# Gaussian Process predict over trace

#1

Hi everyone,

I’d like to integrate a function, a, of the predicted mean (μ(x)) and standard deviation (σ(x)) over the inferred model parameters in a Gaussian Process model in PyMC3.

If θ are the collected parameters of the GP model (e.g. noise, length scales etc. of the covariance function) then I want:

a(μ(x),σ(x))=∫dθa(μ(x),σ(x);θ)

My model is specified and conditioned like this:

with pm.Model() as model:
l = pm.Gamma("l", alpha=2, beta=1)
eta = pm.HalfCauchy("eta", beta=5)

cov = eta**2 * pm.gp.cov.Matern52(1, l)
gp = pm.gp.Marginal(cov_func=cov)

sigma = pm.HalfCauchy("sigma", beta=5)
y_ = gp.marginal_likelihood("y", X=x, y=y, noise=sigma)

trace = pm.sample(1000)


I can predict a mean and standard devation over a single point in the trace:

mu, var = gp.predict(X=Xnew, point=trace[42])


and then calculate my function:

a = my_func(mu, var)


To average over the trace I’m doing this:

for i in range(len(trace)):
mu, var = gp.predict(X=Xnew, point=trace[i])
a[:, i] = my_func(mu, var)
integrated_a = a.mean(axis=1)


But it’s very, very slow. Is there a neat / faster way of doing this? A general strategy would be really helpful.
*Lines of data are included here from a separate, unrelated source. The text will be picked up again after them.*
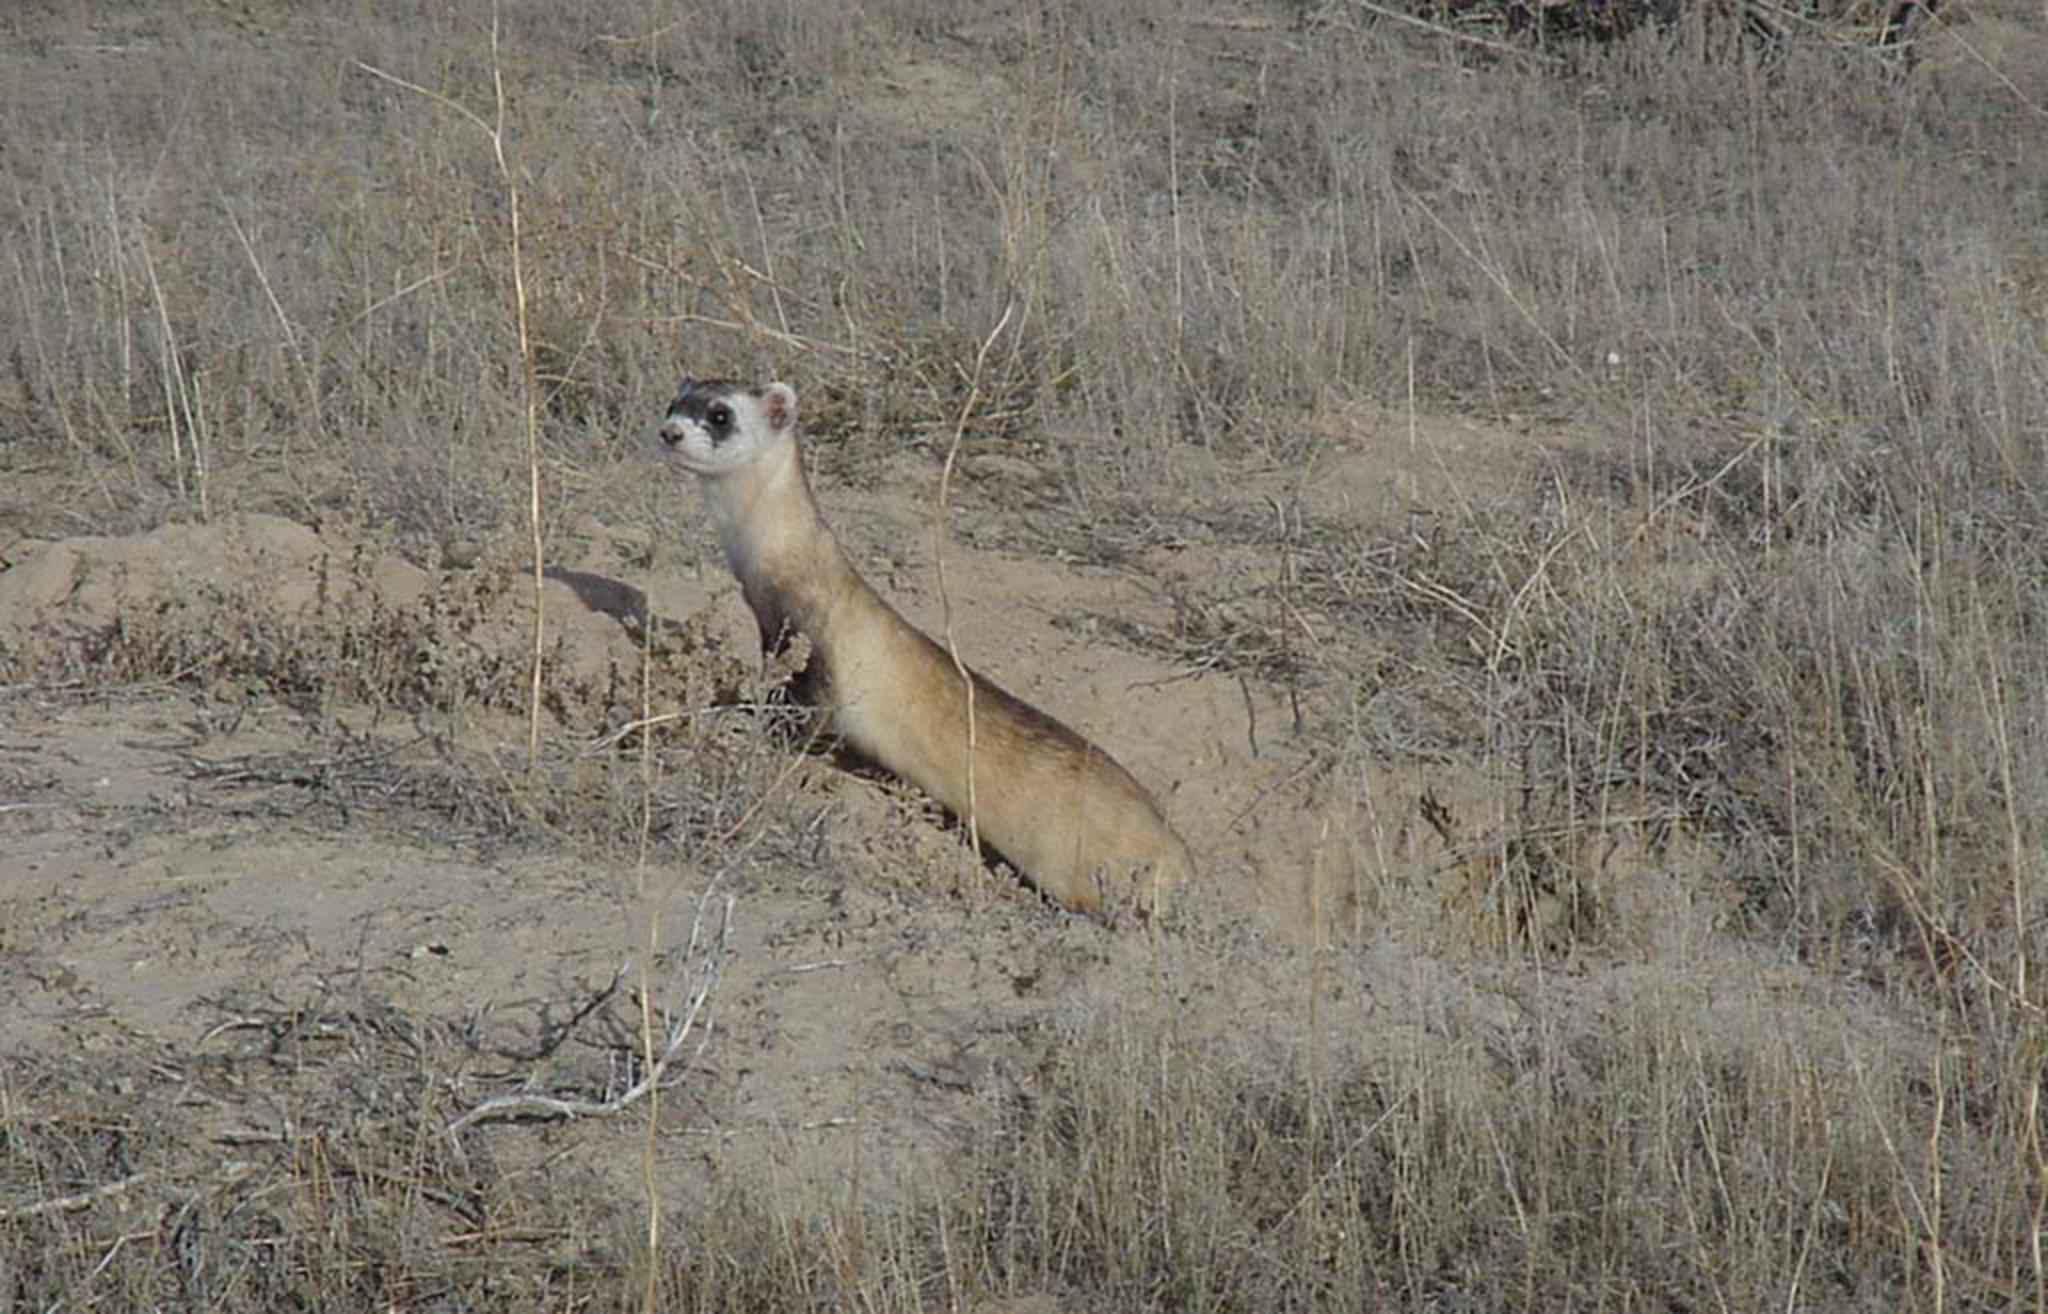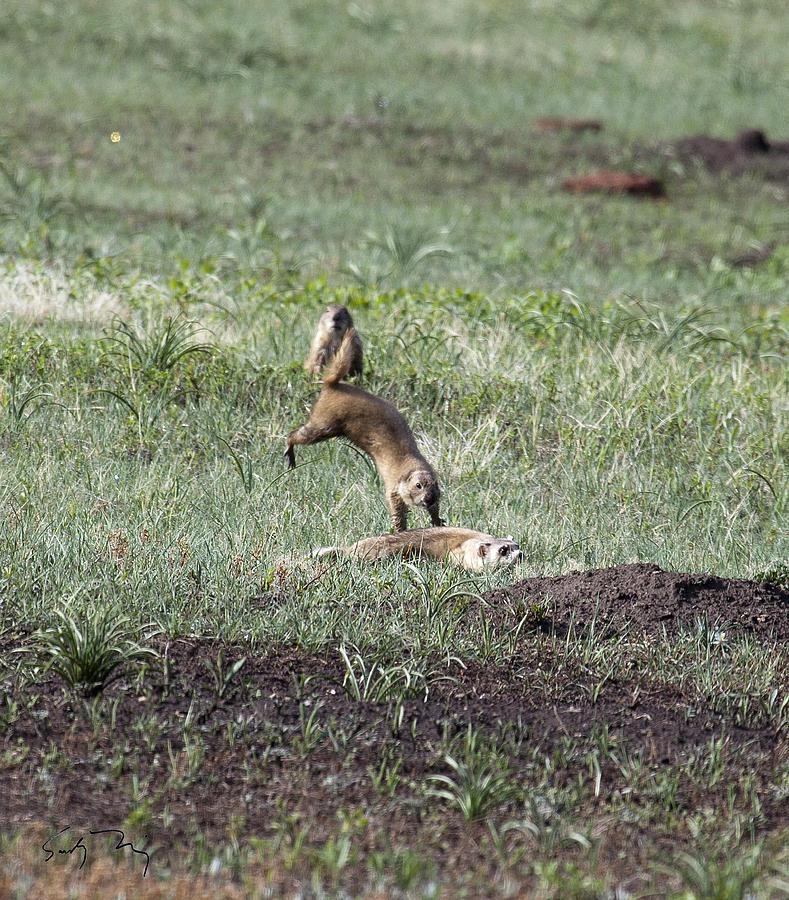The first image is the image on the left, the second image is the image on the right. Examine the images to the left and right. Is the description "There are exactly two animals in the image on the left." accurate? Answer yes or no. No. The first image is the image on the left, the second image is the image on the right. Examine the images to the left and right. Is the description "Right image shows a ferret pursuing a different breed of animal outdoors." accurate? Answer yes or no. No. 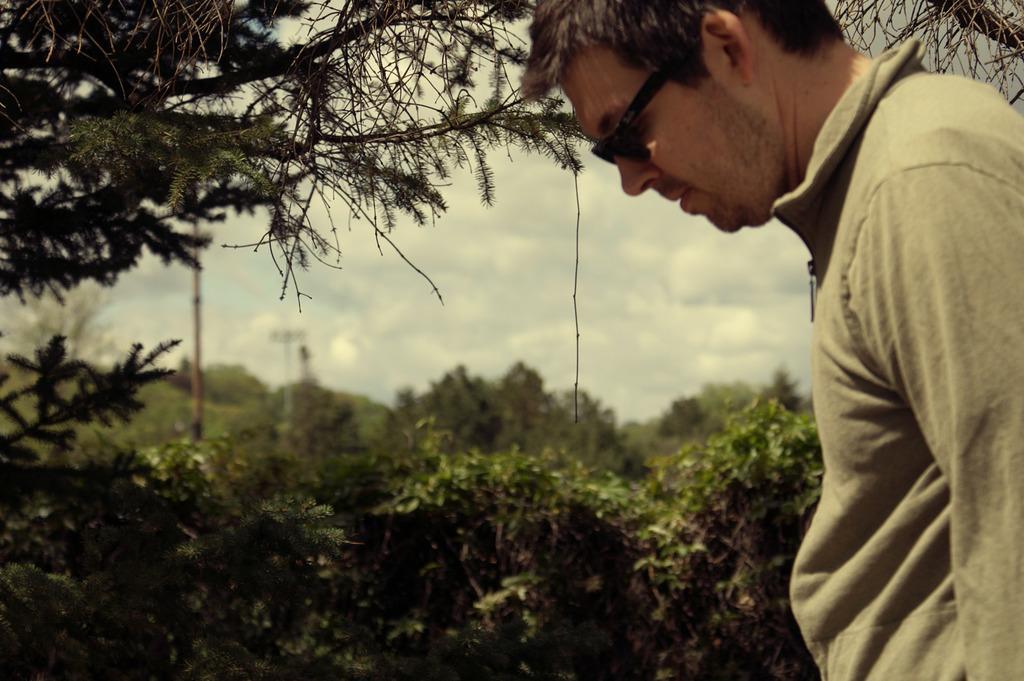In one or two sentences, can you explain what this image depicts? In this image I can see a person, trees, light poles and the sky. This image is taken may be in a forest. 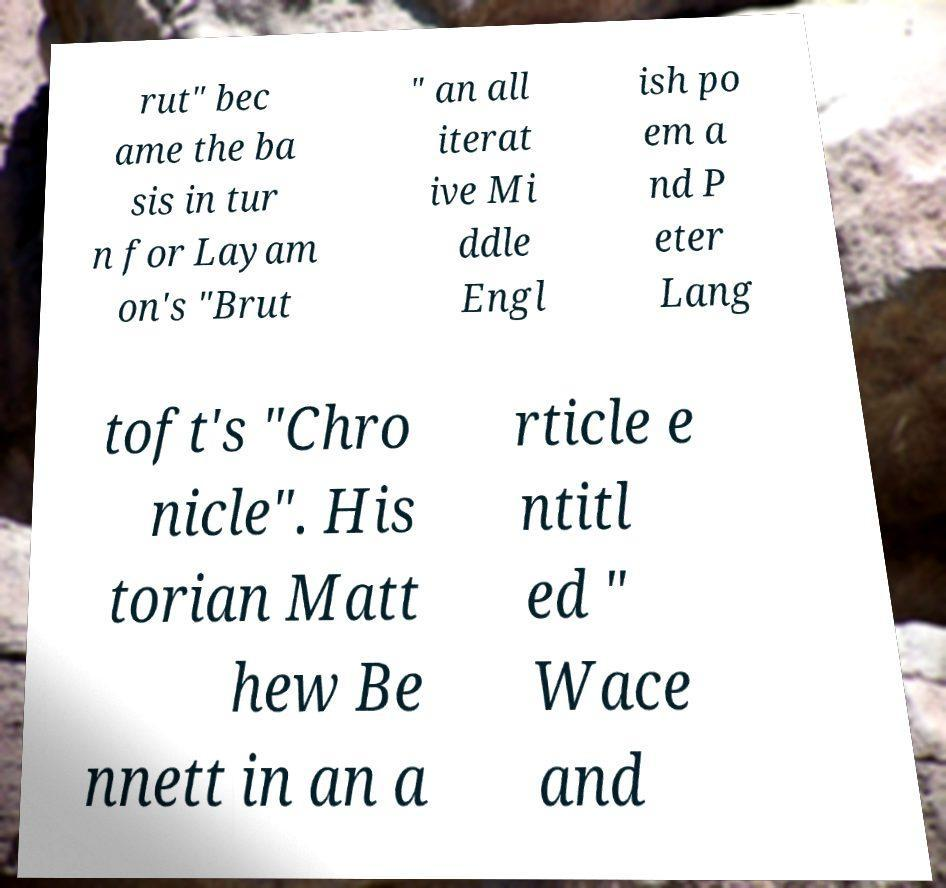Please read and relay the text visible in this image. What does it say? rut" bec ame the ba sis in tur n for Layam on's "Brut " an all iterat ive Mi ddle Engl ish po em a nd P eter Lang toft's "Chro nicle". His torian Matt hew Be nnett in an a rticle e ntitl ed " Wace and

I’m not an expert in Theano but willing to learn.

#2

To do exactly this, no it’s not possible, primarily because theano doesn’t seem to support a cholesky decompositon over n-dimensional arrays, so that the covariance matrices can be stacked. To integrate out \theta, can you use sample_ppc?

#3

Thanks for your reply. I thought of using sample_ppc, something like:

with model_sample:
f = gp.conditional('f', Xnew)
pred_samples = pm.sample_ppc(trace, vars=[mean(f), diag_cov(f)], samples=2000)


where mean(f) and diag_cov(f) would be the mean vector and diagonal of the covariance matrix of the random variable f. I just don’t know how to properly specify mean(f) and diag_cov(f).

EDIT: OK, I guess what you’re saying applies here too, so you can’t put something like diag_cov(f) into sample_ppc. Damn.